Details of the underlying mobility methodologies are scant. Apple appear to base their measures on mobile phone data reflecting the movement of people with any Apple device using a mapping app. Every time a user makes a mobile phone interaction a call detail record (CDR) is created and stored. Google have produced a different measure of mobility, again based around mobile phone and GPS locations. Google report trends over time by geography, across visits to different categories of place such as retail and recreation, groceries and pharmacies, parks, bus and train stations, workplaces, and residential. Google provided graphs in PDF files. Chan, Skali & Torgle (2020) have very helpfully converted these PDF file graphics into CSV format using clever open-source tools, to automatically obtain numerical data from the graphs.

Apple’s mobility product is a straightforward, data-dense, Excel file. Their spreadsheet covers over 1,000 countries, cities, locations or sub-regions from all around the world. It is subdivided into public transport, driving and walking. The data are very easy to access.

Other daily travel-index measures are of road trips, of 50 miles or more, based on GPS data, or of the amount of time spent at home.

 Edinburgh vs. London

The above graphs are based on Apple’s daily mobility data. I have aggregated and rescaled the data. Briefly, for each category 100% mobility is the maximum 7-day rolling average pre-lockdown. Aggregated weekly averages thus range between 0 and 300%. At the start of each time series a strong weekly effect is seen in both Edinburgh and London. Mobility then drops in a very similar way, and at a very similar time, in both capitals. According to the Apple mobility data, movement was at a minimum on the same day – Sunday 12th April – in both Edinburgh and London. Rebound however has been faster in London. The Nouvellet et al. Imperial College Report #26 points out that although mobility in the UK is still below the level associated with an R number of one, it is marginal and without effective and thorough contact-tracing any further increase in mobility could lead to a rapid epidemic regrowth.

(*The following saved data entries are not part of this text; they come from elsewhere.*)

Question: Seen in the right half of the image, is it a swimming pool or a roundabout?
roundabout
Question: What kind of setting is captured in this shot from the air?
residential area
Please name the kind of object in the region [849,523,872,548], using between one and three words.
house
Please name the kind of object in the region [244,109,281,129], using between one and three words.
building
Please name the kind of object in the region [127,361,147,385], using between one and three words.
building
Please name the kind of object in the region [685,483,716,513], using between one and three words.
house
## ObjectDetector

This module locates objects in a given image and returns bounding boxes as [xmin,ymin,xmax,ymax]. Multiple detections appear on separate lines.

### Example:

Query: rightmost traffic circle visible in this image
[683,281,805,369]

COVID-19 is not under control in many countries

By mathematically comparing the above patterns of mobility data with the R number useful transmission-mobility relationships have been established (Nouvellet et al. 2020). COVID-19, assessed in this way, is still not under control in many countries – Sweden, Denmark, Finland and the Ukraine. In others, such as Spain, Morocco, France and perhaps the UK, reduction in mobility appears to have been sufficient to contain COVID-19 transmission. However even in these countries a sustainable lifting of population-wide social-distancing measures still needs to be undertaken really carefully. Otherwise without alternative counter measures, such as contact tracing, the virus is poised to return and recommence its steep exponential rise.

Rebound and the ‘escape’ from lockdown

‘Big data’ is often criticised, but it holds amazing promise as a tool for countries to monitor mobility, and hence to keep an eye on virus transmissibility, and so use in optimising their safe, careful escape from lockdown.